Фирочка-козочка

[1] [2] [3]

Фирочка-козочка

Это случилось в госпитале. Когда Моня еще был закован в гипсовый хомут с желобком для носа и не мог произнести ни слова, потому что вся его челюсть была раздроблена на куски, а потом из этих кусков была собрана заново. В этом хомуте Монина голова была похожа на кадку, в которой растет кактус. Кадкой служила толстая гипсовая повязка, вдвое шире головы, а кактусом были остаток лица и макушка, торчавшие из этой кадки. Для пущего сходства с кактусом остриженный в госпитале Моня порос короткой колючей щетиной.

Но Моня был молод. И, как потом справедливо говорила Роза Григорьевна, – а кто такая Роза Григорьевна, вы скоро узнаете, – у товарища Цацкеса разбита только челюсть, все остальное – будь здоров, не кашляй. Так что для невинной еврейской девушки из приличной семьи он представляет серьезную опасность.

Обитатели госпиталя на весь город славились своими амурными похождениями. Без рук, без ног, а главное, без одежды, в госпитальных халатах или просто в нижнем белье, они умудрялись на связанных, простынях спускаться по ночам с любого этажа, преодолевать высокий забор и до утра нежиться под лоскутными одеялами у своих зазноб.

Моня не мог разговаривать, но был в состоянии слушать. И в изобилии выслушивал исповеди инвалидов, вернувшихся из ночных вылазок. Они избирали Моню для своих восторженных излияний потому, что рот у него был запечатан гипсом, и он никогда не перебивал рассказчика.

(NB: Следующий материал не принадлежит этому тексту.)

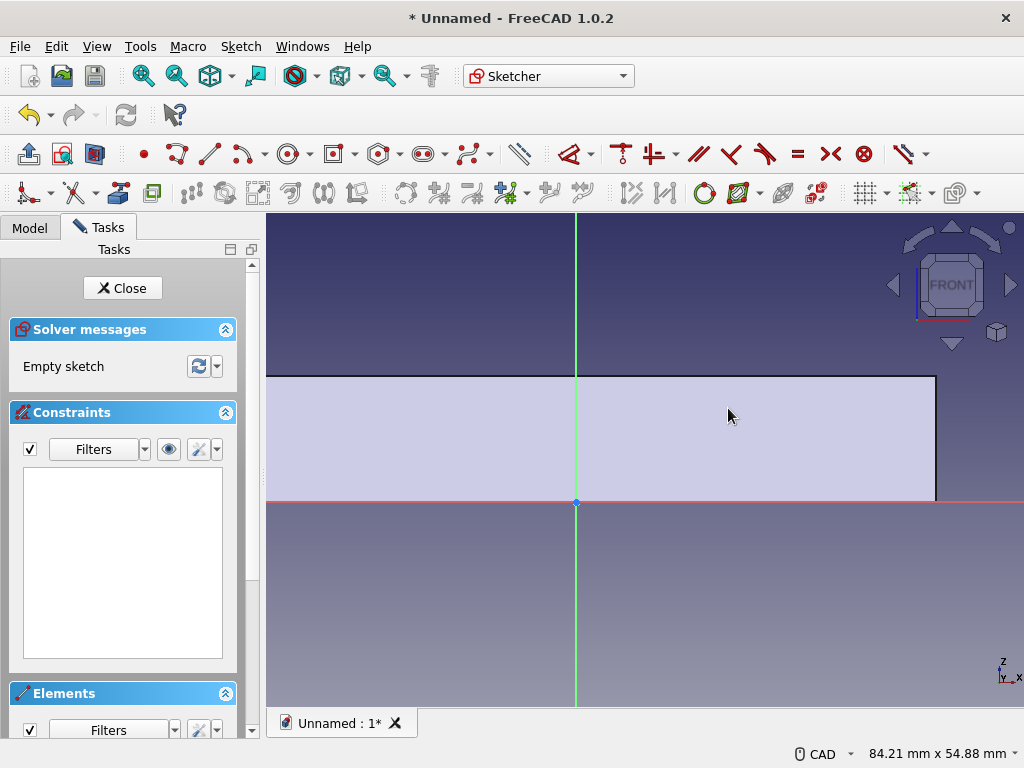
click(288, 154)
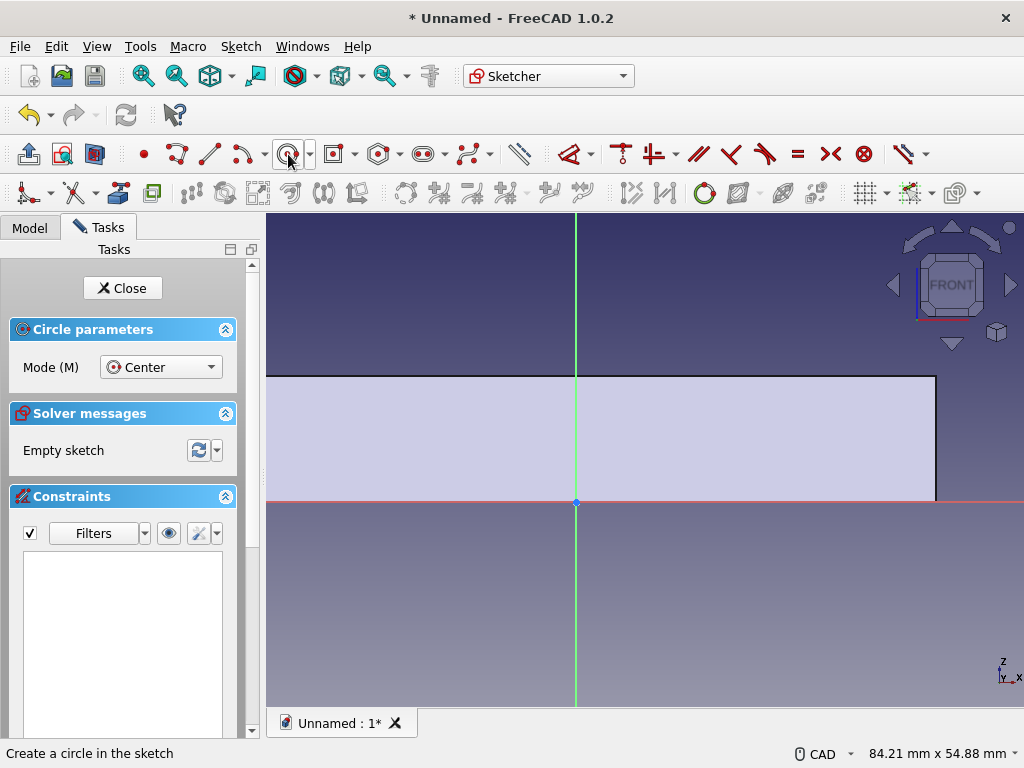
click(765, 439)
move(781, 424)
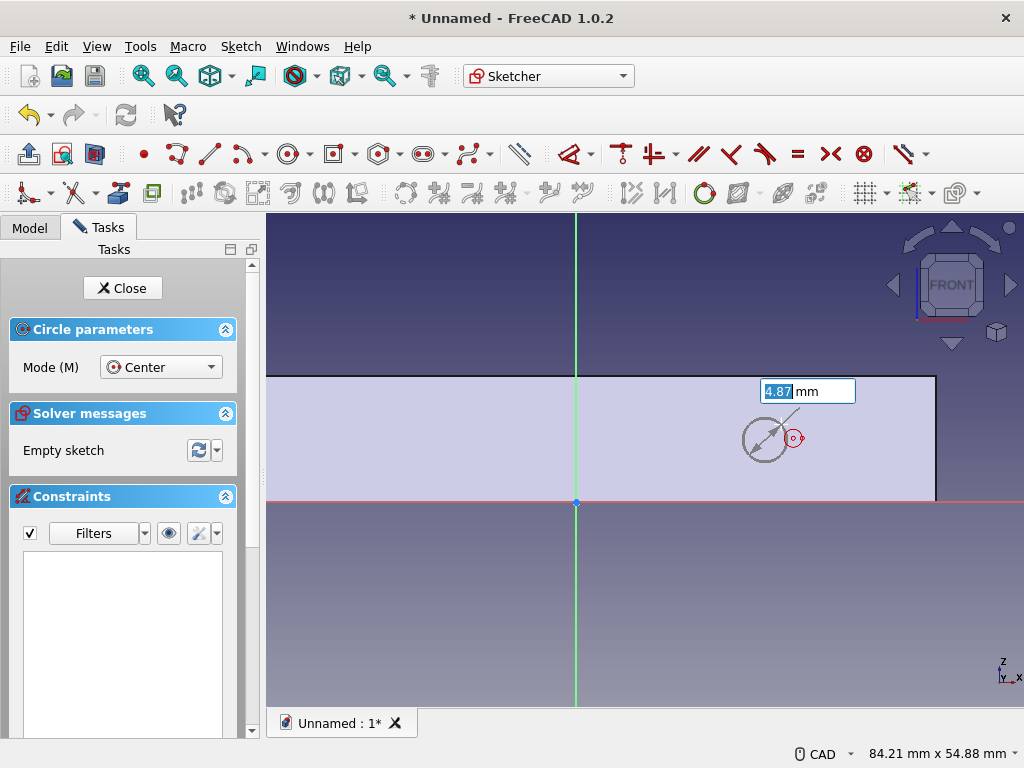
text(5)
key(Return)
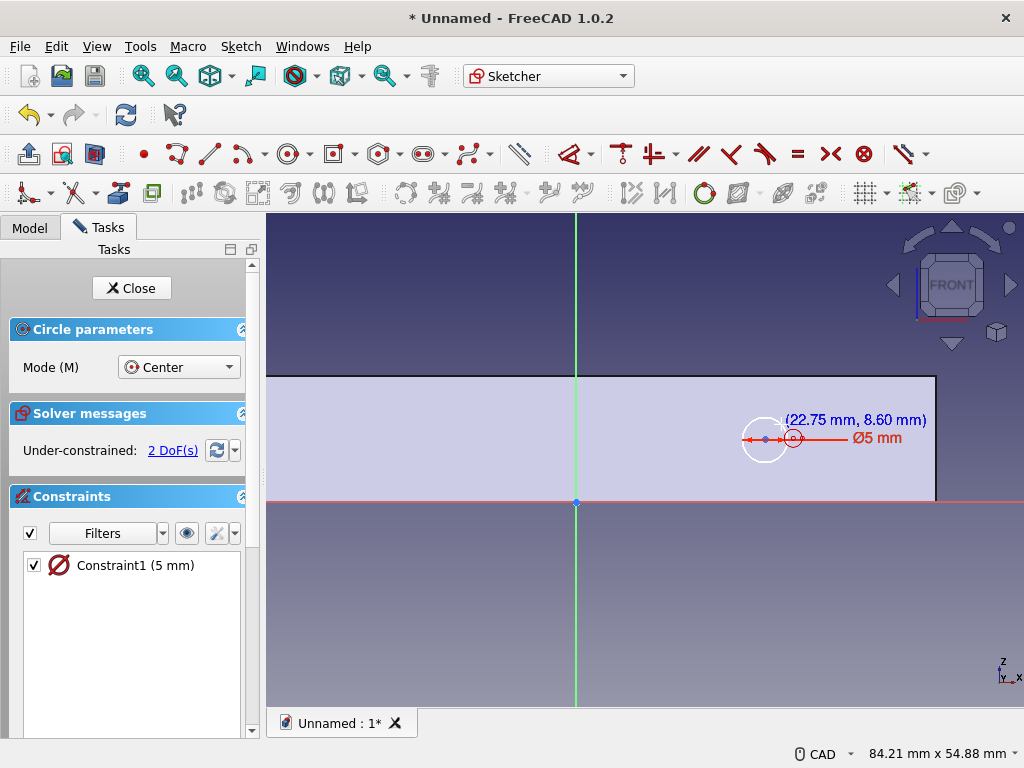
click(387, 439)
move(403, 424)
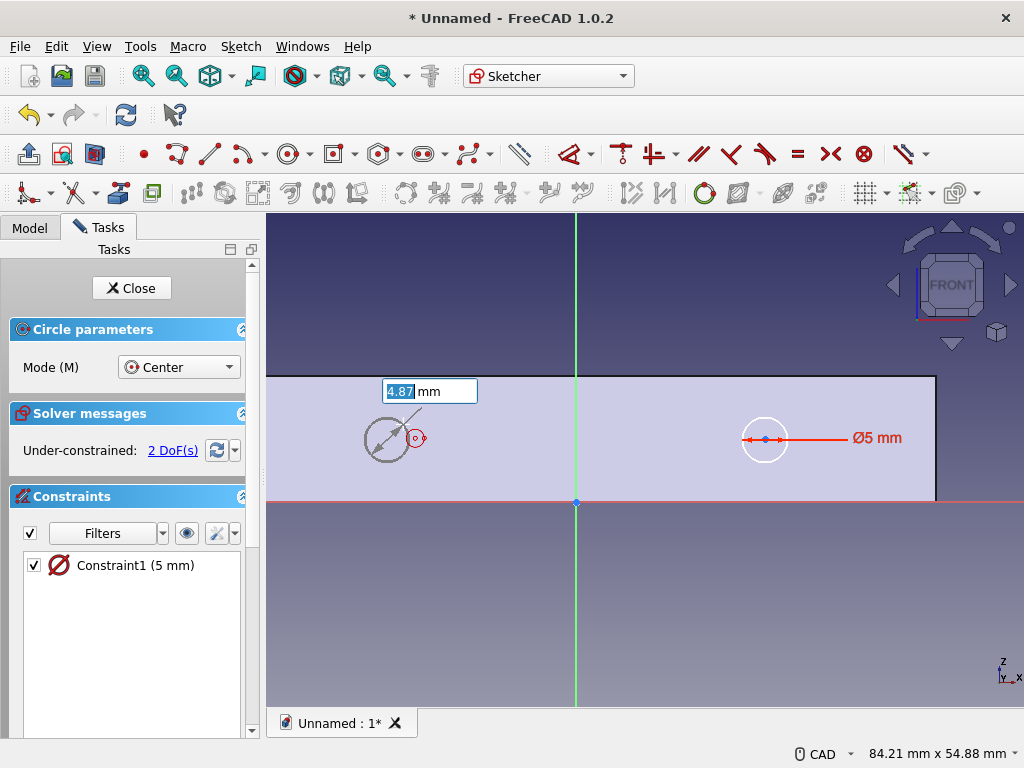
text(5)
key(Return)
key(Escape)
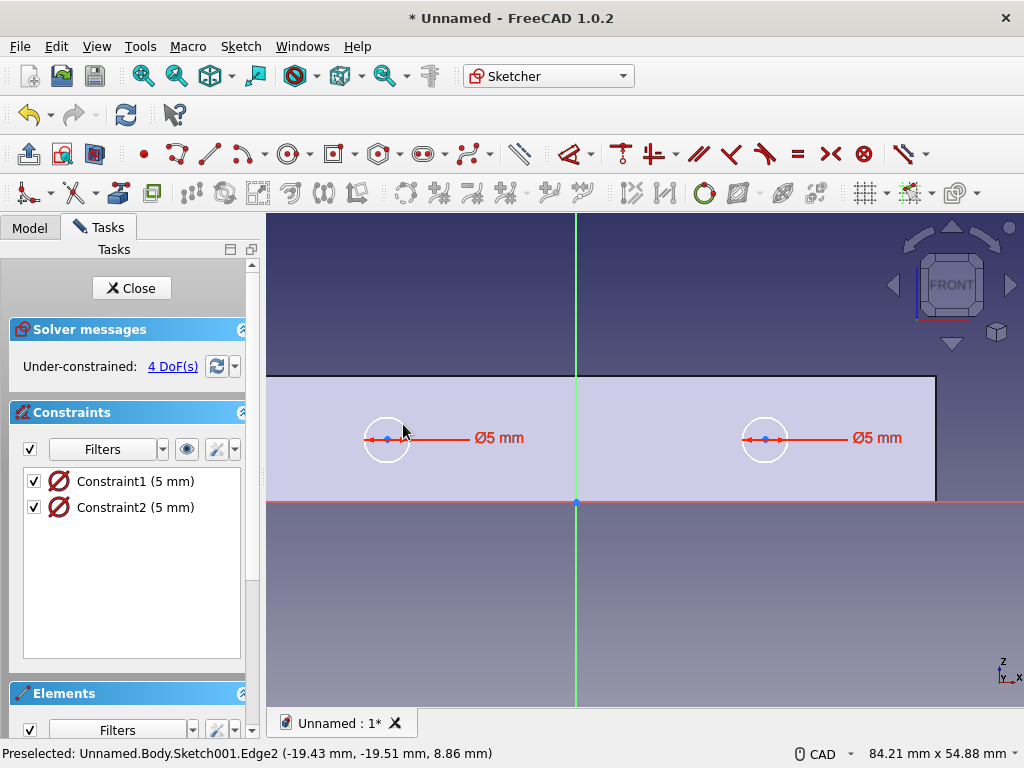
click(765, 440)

Особенно грозным ходоком слыл в госпитале сержант Паша Кашкин. Правда, назвать ходоком его можно было в одном смысле – ходок по бабам. Потому что в прямом смысле – Паша ходок был слабый: правую ногу ему оттяпали до колена – осталась короткая культя, обмотанная марлей, и он не ходил, а скакал на костылях, выставив эту культю, как укороченный минометный ствол.

Культя и была его главным инструментом в делах любовных.

– Понимаешь, друг, – говорил он Моне, обняв его за гипсовый хомут и задушевно глядя в глаза, – с этой культей я любую бабу беру. Никуда от меня не денется. Не веришь? Мне бы только завалить ее на кровать… Или… в траву… Дальше культя сама все сделает. Я – скок на бабу, культей упрусь в живот – попробуй скинь меня. Русская баба, она жалостливая. Ну, куда инвалида сбрасывать – я же убиться могу! Значит, она резких движений себе позволить не может. А я времени зря не теряю: шурую, шурую под юбкой, и – в дамки. Куда ей теперь деваться? Я – тама. Остается только помогать инвалиду Отечественной войны: подмахивать как следует.

Паша Кашкин дошуровался до триппера и надолго исчез из поля зрения. Его перевели в тот самый корпус, который был отделен от остальных корпусов госпитальным парком.

Моня был лишен дара речи. Но у Мони остались глаза. И уши. И это открыло ему мир в алмазах: Моню посетила любовь.

У госпиталя были свои шефы – рабочие местного завода. Какие в войну рабочие? Сплошные женщины. Эти шефы приезжали к раненым и давали концерты художественной самодеятельности. Они пели и танцевали, молодые и старые женщины. В одиночку – соло, парами – дуэтом, и все сразу – хором. Чтобы хоть немножко скрасить унылую жизнь искалеченных солдат, отвлечь их на время от болей и тяжких дум.

Концерты давались в столовой. Столы сдвигали к стене и превращали в эстраду, а стулья ставили рядами. На них сидели безногие и безрукие, с ранениями в грудную и брюшную полости, и такие, как Моня, с покалеченной головой. Не сидела на стульях только одна категория инвалидов – с ранением в задницу. Те стояли у стены друг за дружкой, с интервалами, чтобы случайно не задеть больное место.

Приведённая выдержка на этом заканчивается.